ACTION ITEM ▸
Down to the last line, print the entries below exactly, and keep every picture out of the copy.

EXERCISE INPUT ▸

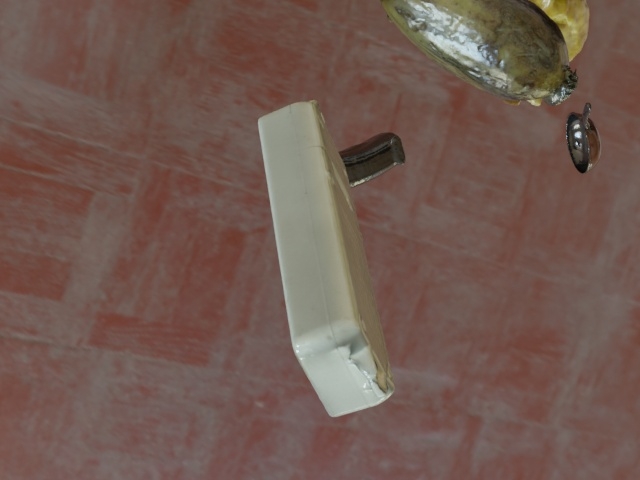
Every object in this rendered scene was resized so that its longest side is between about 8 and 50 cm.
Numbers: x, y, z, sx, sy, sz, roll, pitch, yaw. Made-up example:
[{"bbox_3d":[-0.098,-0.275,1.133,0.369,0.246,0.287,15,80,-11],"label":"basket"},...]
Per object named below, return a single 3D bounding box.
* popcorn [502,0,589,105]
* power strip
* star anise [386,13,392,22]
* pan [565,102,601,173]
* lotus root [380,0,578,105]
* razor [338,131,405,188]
[{"bbox_3d":[0.292,-0.323,1.904,0.190,0.191,0.254,-26,125,-29],"label":"popcorn"},{"bbox_3d":[0.000,0.000,1.081,0.058,0.338,0.098,-20,133,9],"label":"power strip"},{"bbox_3d":[0.133,-0.375,1.471,0.088,0.288,0.288,20,92,-21],"label":"star anise"},{"bbox_3d":[0.288,-0.117,1.403,0.023,0.068,0.115,-13,157,-4],"label":"pan"},{"bbox_3d":[0.129,-0.170,1.056,0.179,0.089,0.081,32,91,0],"label":"lotus root"},{"bbox_3d":[0.042,-0.102,1.786,0.148,0.090,0.054,-22,103,-26],"label":"razor"}]

SOLUTION FOR THIS TASK ▸
Every object in this rendered scene was resized so that its longest side is between about 8 and 50 cm.
Numbers: x, y, z, sx, sy, sz, roll, pitch, yaw. Made-up example:
[{"bbox_3d":[-0.098,-0.275,1.133,0.369,0.246,0.287,15,80,-11],"label":"basket"},...]
Per object named below, return a single 3D bounding box.
* popcorn [502,0,589,105]
* power strip
* star anise [386,13,392,22]
* pan [565,102,601,173]
* lotus root [380,0,578,105]
* razor [338,131,405,188]
[{"bbox_3d":[0.292,-0.323,1.904,0.190,0.191,0.254,-26,125,-29],"label":"popcorn"},{"bbox_3d":[0.000,0.000,1.081,0.058,0.338,0.098,-20,133,9],"label":"power strip"},{"bbox_3d":[0.133,-0.375,1.471,0.088,0.288,0.288,20,92,-21],"label":"star anise"},{"bbox_3d":[0.288,-0.117,1.403,0.023,0.068,0.115,-13,157,-4],"label":"pan"},{"bbox_3d":[0.129,-0.170,1.056,0.179,0.089,0.081,32,91,0],"label":"lotus root"},{"bbox_3d":[0.042,-0.102,1.786,0.148,0.090,0.054,-22,103,-26],"label":"razor"}]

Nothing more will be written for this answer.